1. Create a report which summarizes numerical data in a form from which business decisions can be made.

Construct pareto chart, pie chart, pictograph, stem and leaf, histogram.
Interpret pareto chart, pie chart, pictograph, stem and leaf, histogram.
Identify shape of curve for univariate data.
Calculate numerical measures of centre and variation.
Identify correct measure of centre based on the shape of the curve for univariate data.
Describe a distribution of data, integrating the knowledge of shape into the choice for the numerical measures.
Describe how graphs and choices of numerical summaries can be used to misrepresent data without lying.
Create a computer generated report which summarizes the numerical characteristics of a data distribution.

2. Estimate future or current values for a variable based on current data, using both manual calculations and computer software.

Identify linear trends in a bivariate data plot.
Calculate a measure of the strength, direction and form of a linear relationship.
Calculate the least squares regression line using calculator and computer software.
Assess the fit of the line based on residual plots.
Interpret the coefficient of determination.
Interpret the slope in a "real world" situation.
Evaluate the usefulness of the linear regression as a model for predicting the variable being estimated.

3. Incorporate the use of probability and risk into decision making.

Simulate common events which incorporate probability in their outcomes.
Discriminate between independent events and mutually exclusive events.
Calculate simple probabilities.
Discriminate between categorical (attribute) data and quantitative data.
Identify binomial and normal distributions.
Calculate binomial and normal probabilities.
Identify common real-world occurrences of both the binomial and normal distributions.
Describe probability distributions based on simulated common events.

4. Integrate probabilities into estimating population parameters based on sample statistics.

Simulate sampling from a normal distribution using computer software.
Differentiate between an experiment which proves causality and a survey which shows only a relationship between variables.
Describe the sampling distribution of the means.
Explain the central limit theorem and its importance in estimating population values in such business tools as statistical process control.
Apply the central limit theorem to solving problems involving a sample mean.
Describe the sampling distribution of the proportion.
Describe the difference between attribute sampling distributions and quantitative sampling distributions.
Calculate probabilities using the sampling distribution of the mean or the proportion.

5. Use statistical techniques for estimating population means and proportions.
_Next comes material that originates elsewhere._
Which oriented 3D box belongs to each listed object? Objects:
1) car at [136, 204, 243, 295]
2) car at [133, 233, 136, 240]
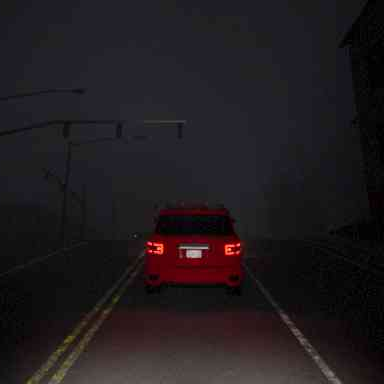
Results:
[{"bbox_3d":[0.068,1.346,9.221,2.150,2.045,5.566,1,-1,1],"label":"car"},{"bbox_3d":[-3.646,3.818,27.495,1.812,1.442,4.674,0,-14,0],"label":"car"}]

Integrate probability concepts and sampling techniques to understand the concept of a confidence interval.
Discriminate between sample statistics and population parameters.
Construct a confidence interval for a population mean using both manual calculations and computer software.
Construct a confidence interval for a population proportion usingboth manual calculations and computer software.
Illustrate current examples of confidence intervals found in newspapers, websites, journals, etc.
Write a complete statement which explains a calculated confidence interval.
Explain the confidence level associated with a confidence interval.
Evaluate a current process based on the confidence interval.

6. Use statistical techniques to determine if a current process or belief is true based on sample data.

Formulate a null and alternative hypothesis.
Explain Type I and Type II errors, and the relationship between them.
Calculate and interpret the p-value for a test.
Conduct hypothesis tests on population means and proportions.
Determine the statistical conclusion for the hypothesis test.
Explain with reference to the variable being measured the results of the hypothesis test.

7. Use statistical process control techniques to determine if a process is running within acceptable industrial standards.

Differentiate between common cause and special cause variation.
Determine where the responsibility for correcting each type of variation should lie within the process
Create X-bar and R charts manually and on computer.
Create X-bar and s charts on the computer.
Determine if a process is in control.
Identify which variation in the control chart is "common cause" and which is "special cause" variation.
Differentiate between measurement variables and attribute variables.
Create p-chart for attribute data.
Determine if the process is in control.
Identify common quality standards such is ISO and QS.

8. Use statistical techniques to test categorical and/or multiple independent distributions.

Explain the meaning of independence for two distributions.
Determine if two nominal scale variables are independent using hypothesis test.
Conduct a full hypothesis test to determine if two or more independent samples have equal proportions.
Write a statement in terms of actual variable measured that explains the results of the test.

9. Determine if linear regression is a robust model for predicting a value.

Determine if the assumptions of least square model are met.
Conduct hypothesis test to determine if the individual parameters in linear model are significant.
Interpret the coefficient of determination in terms of the data.
Conduct a hypothesis test to determine if the model as a whole is a significant predictor.
Construct confidence interval for the slope of the equation.
Construct a confidence interval for the estimate for any value of the dependent variable.
Explain the meaning of the confidence interval for the slope of the equation.
Explain the meaning of the confidence interval for the estimate of a value for the dependent variable.